— What is needed —
Every entry should be duplicated verbatim, and no picture may appear in the copy.

┌─ Dataset

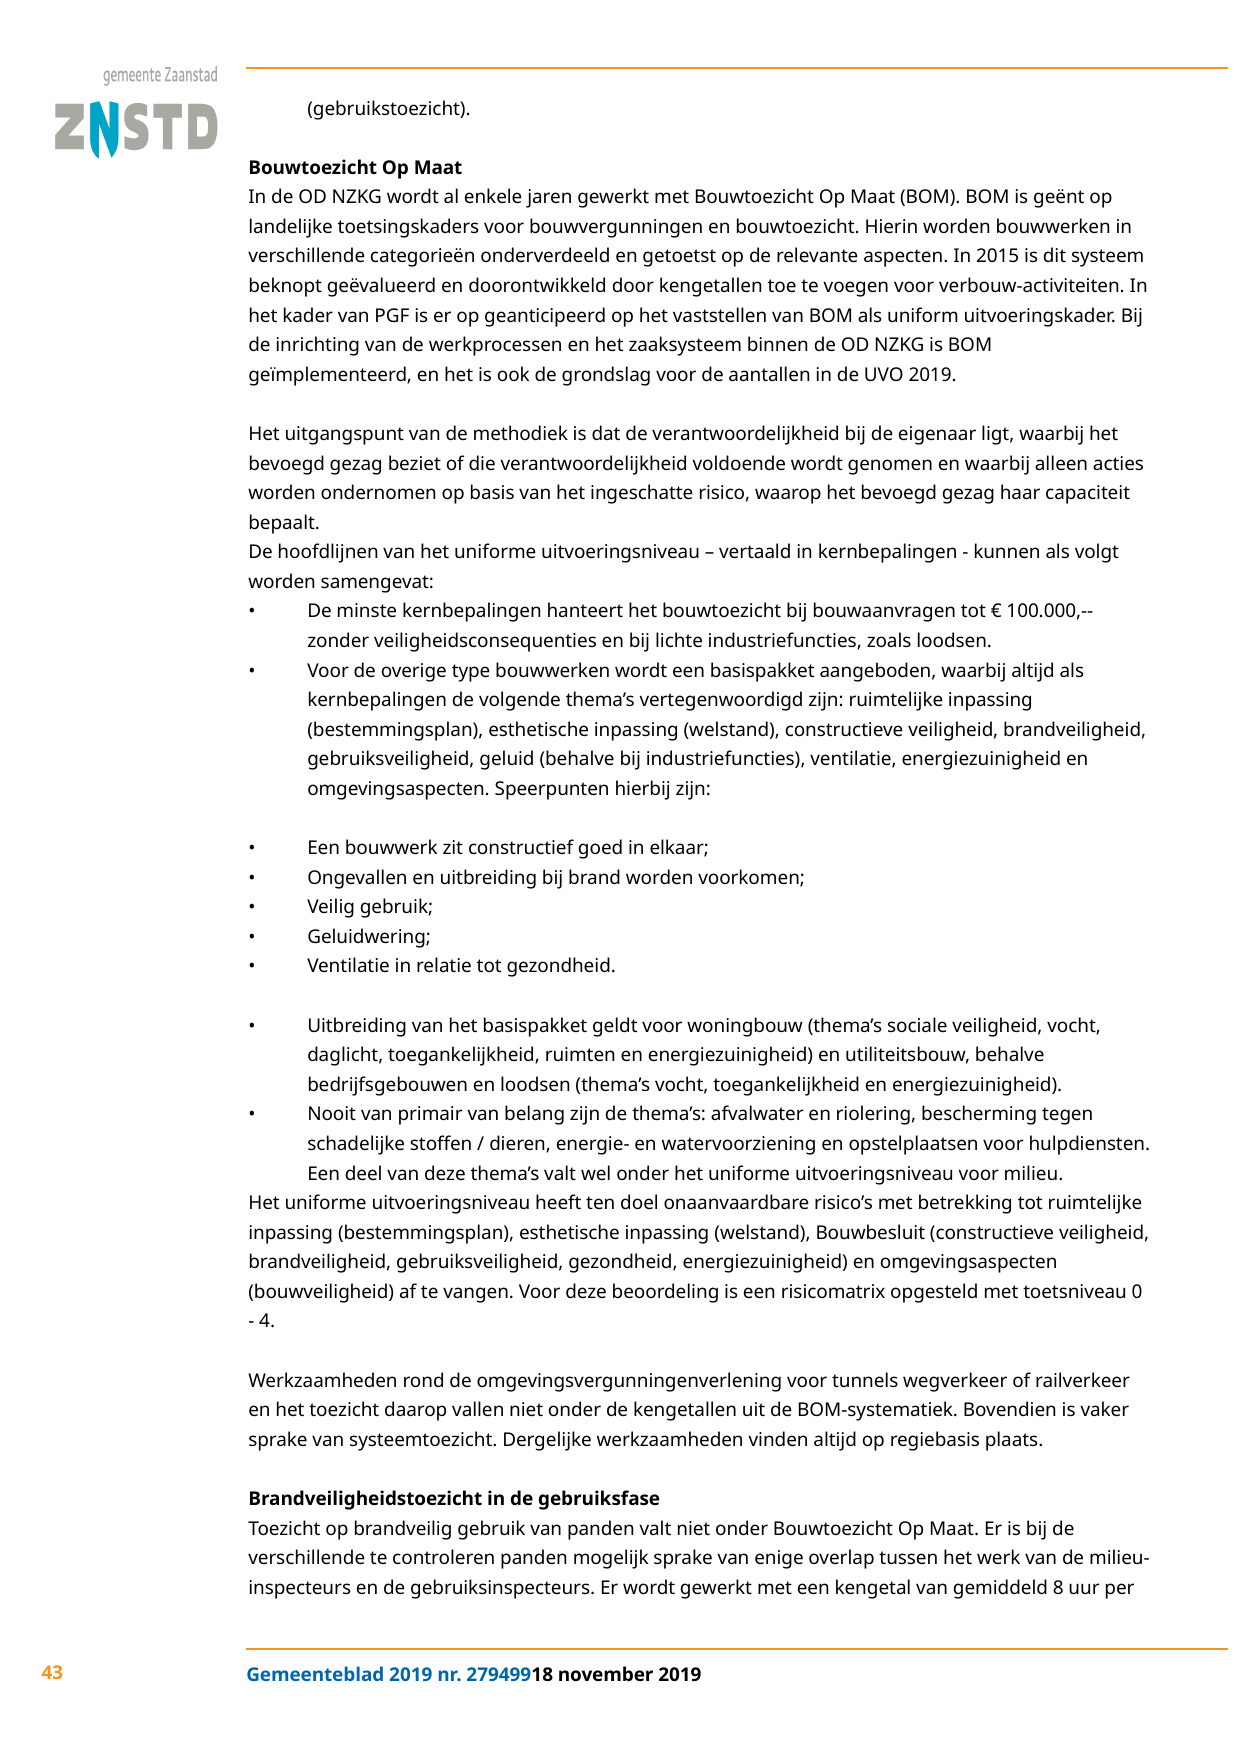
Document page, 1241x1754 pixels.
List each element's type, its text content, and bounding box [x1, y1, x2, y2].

text Bouwtoezicht Op Maat [248, 154, 1152, 180]
list (gebruikstoezicht). [248, 95, 1152, 121]
text Toezicht op brandveilig gebruik van panden valt niet onder Bouwtoezicht Op Maat. Er is bij de verschillende te controleren panden mogelijk sprake van enige overlap tussen het werk van de milieu-inspecteurs en de gebruiksinspecteurs. Er wordt gewerkt met een kengetal van gemiddeld 8 uur per [248, 1515, 1152, 1600]
text Werkzaamheden rond de omgevingsvergunningenverlening voor tunnels wegverkeer of railverkeer en het toezicht daarop vallen niet onder de kengetallen uit de BOM-systematiek. Bovendien is vaker sprake van systeemtoezicht. Dergelijke werkzaamheden vinden altijd op regiebasis plaats. [248, 1367, 1152, 1452]
list Voor de overige type bouwwerken wordt een basispakket aangeboden, waarbij altijd als kernbepalingen de volgende thema’s vertegenwoordigd zijn: ruimtelijke inpassing (bestemmingsplan), esthetische inpassing (welstand), constructieve veiligheid, brandveiligheid, gebruiksveiligheid, geluid (behalve bij industriefuncties), ventilatie, energiezuinigheid en omgevingsaspecten. Speerpunten hierbij zijn: [248, 657, 1152, 801]
list Nooit van primair van belang zijn de thema’s: afvalwater en riolering, bescherming tegen schadelijke stoffen / dieren, energie- en watervoorziening en opstelplaatsen voor hulpdiensten. Een deel van deze thema’s valt wel onder het uniforme uitvoeringsniveau voor milieu. [248, 1101, 1152, 1186]
list Uitbreiding van het basispakket geldt voor woningbouw (thema’s sociale veiligheid, vocht, daglicht, toegankelijkheid, ruimten en energiezuinigheid) en utiliteitsbouw, behalve bedrijfsgebouwen en loodsen (thema’s vocht, toegankelijkheid en energiezuinigheid). [248, 1012, 1152, 1097]
text In de OD NZKG wordt al enkele jaren gewerkt met Bouwtoezicht Op Maat (BOM). BOM is geënt op landelijke toetsingskaders voor bouwvergunningen en bouwtoezicht. Hierin worden bouwwerken in verschillende categorieën onderverdeeld en getoetst op de relevante aspecten. In 2015 is dit systeem beknopt geëvalueerd en doorontwikkeld door kengetallen toe te voegen voor verbouw-activiteiten. In het kader van PGF is er op geanticipeerd op het vaststellen van BOM als uniform uitvoeringskader. Bij de inrichting van de werkprocessen en het zaaksysteem binnen de OD NZKG is BOM geïmplementeerd, en het is ook de grondslag voor de aantallen in de UVO 2019. [248, 183, 1152, 387]
list Ongevallen en uitbreiding bij brand worden voorkomen; [248, 864, 1152, 890]
list De minste kernbepalingen hanteert het bouwtoezicht bij bouwaanvragen tot € 100.000,-- zonder veiligheidsconsequenties en bij lichte industriefuncties, zoals loodsen. [248, 598, 1152, 653]
text Het uitgangspunt van de methodiek is dat de verantwoordelijkheid bij de eigenaar ligt, waarbij het bevoegd gezag beziet of die verantwoordelijkheid voldoende wordt genomen en waarbij alleen acties worden ondernomen op basis van het ingeschatte risico, waarop het bevoegd gezag haar capaciteit bepaalt. [248, 420, 1152, 535]
list Ventilatie in relatie tot gezondheid. [248, 953, 1152, 978]
text De hoofdlijnen van het uniforme uitvoeringsniveau – vertaald in kernbepalingen - kunnen als volgt worden samengevat: [248, 538, 1152, 594]
list Een bouwwerk zit constructief goed in elkaar; [248, 834, 1152, 860]
list Geluidwering; [248, 923, 1152, 949]
text Het uniforme uitvoeringsniveau heeft ten doel onaanvaardbare risico’s met betrekking tot ruimtelijke inpassing (bestemmingsplan), esthetische inpassing (welstand), Bouwbesluit (constructieve veiligheid, brandveiligheid, gebruiksveiligheid, gezondheid, energiezuinigheid) en omgevingsaspecten (bouwveiligheid) af te vangen. Voor deze beoordeling is een risicomatrix opgesteld met toetsniveau 0 - 4. [248, 1189, 1152, 1333]
list Veilig gebruik; [248, 893, 1152, 919]
text Brandveiligheidstoezicht in de gebruiksfase [248, 1485, 1152, 1511]
picture [41, 47, 231, 172]

└─

— Solution to this exercise —
Document page, 1241x1754 pixels.
List each element's type, its text content, and bounding box [x1, y1, x2, y2].

text Bouwtoezicht Op Maat [248, 154, 1152, 180]
list (gebruikstoezicht). [248, 95, 1152, 121]
text Toezicht op brandveilig gebruik van panden valt niet onder Bouwtoezicht Op Maat. Er is bij de verschillende te controleren panden mogelijk sprake van enige overlap tussen het werk van de milieu-inspecteurs en de gebruiksinspecteurs. Er wordt gewerkt met een kengetal van gemiddeld 8 uur per [248, 1515, 1152, 1600]
text Werkzaamheden rond de omgevingsvergunningenverlening voor tunnels wegverkeer of railverkeer en het toezicht daarop vallen niet onder de kengetallen uit de BOM-systematiek. Bovendien is vaker sprake van systeemtoezicht. Dergelijke werkzaamheden vinden altijd op regiebasis plaats. [248, 1367, 1152, 1452]
list Voor de overige type bouwwerken wordt een basispakket aangeboden, waarbij altijd als kernbepalingen de volgende thema’s vertegenwoordigd zijn: ruimtelijke inpassing (bestemmingsplan), esthetische inpassing (welstand), constructieve veiligheid, brandveiligheid, gebruiksveiligheid, geluid (behalve bij industriefuncties), ventilatie, energiezuinigheid en omgevingsaspecten. Speerpunten hierbij zijn: [248, 657, 1152, 801]
list Nooit van primair van belang zijn de thema’s: afvalwater en riolering, bescherming tegen schadelijke stoffen / dieren, energie- en watervoorziening en opstelplaatsen voor hulpdiensten. Een deel van deze thema’s valt wel onder het uniforme uitvoeringsniveau voor milieu. [248, 1101, 1152, 1186]
list Uitbreiding van het basispakket geldt voor woningbouw (thema’s sociale veiligheid, vocht, daglicht, toegankelijkheid, ruimten en energiezuinigheid) en utiliteitsbouw, behalve bedrijfsgebouwen en loodsen (thema’s vocht, toegankelijkheid en energiezuinigheid). [248, 1012, 1152, 1097]
text In de OD NZKG wordt al enkele jaren gewerkt met Bouwtoezicht Op Maat (BOM). BOM is geënt op landelijke toetsingskaders voor bouwvergunningen en bouwtoezicht. Hierin worden bouwwerken in verschillende categorieën onderverdeeld en getoetst op de relevante aspecten. In 2015 is dit systeem beknopt geëvalueerd en doorontwikkeld door kengetallen toe te voegen voor verbouw-activiteiten. In het kader van PGF is er op geanticipeerd op het vaststellen van BOM als uniform uitvoeringskader. Bij de inrichting van de werkprocessen en het zaaksysteem binnen de OD NZKG is BOM geïmplementeerd, en het is ook de grondslag voor de aantallen in de UVO 2019. [248, 183, 1152, 387]
list Ongevallen en uitbreiding bij brand worden voorkomen; [248, 864, 1152, 890]
list De minste kernbepalingen hanteert het bouwtoezicht bij bouwaanvragen tot € 100.000,-- zonder veiligheidsconsequenties en bij lichte industriefuncties, zoals loodsen. [248, 598, 1152, 653]
text Het uitgangspunt van de methodiek is dat de verantwoordelijkheid bij de eigenaar ligt, waarbij het bevoegd gezag beziet of die verantwoordelijkheid voldoende wordt genomen en waarbij alleen acties worden ondernomen op basis van het ingeschatte risico, waarop het bevoegd gezag haar capaciteit bepaalt. [248, 420, 1152, 535]
list Ventilatie in relatie tot gezondheid. [248, 953, 1152, 978]
text De hoofdlijnen van het uniforme uitvoeringsniveau – vertaald in kernbepalingen - kunnen als volgt worden samengevat: [248, 538, 1152, 594]
list Een bouwwerk zit constructief goed in elkaar; [248, 834, 1152, 860]
list Geluidwering; [248, 923, 1152, 949]
text Het uniforme uitvoeringsniveau heeft ten doel onaanvaardbare risico’s met betrekking tot ruimtelijke inpassing (bestemmingsplan), esthetische inpassing (welstand), Bouwbesluit (constructieve veiligheid, brandveiligheid, gebruiksveiligheid, gezondheid, energiezuinigheid) en omgevingsaspecten (bouwveiligheid) af te vangen. Voor deze beoordeling is een risicomatrix opgesteld met toetsniveau 0 - 4. [248, 1189, 1152, 1333]
list Veilig gebruik; [248, 893, 1152, 919]
text Brandveiligheidstoezicht in de gebruiksfase [248, 1485, 1152, 1511]
picture [41, 47, 231, 172]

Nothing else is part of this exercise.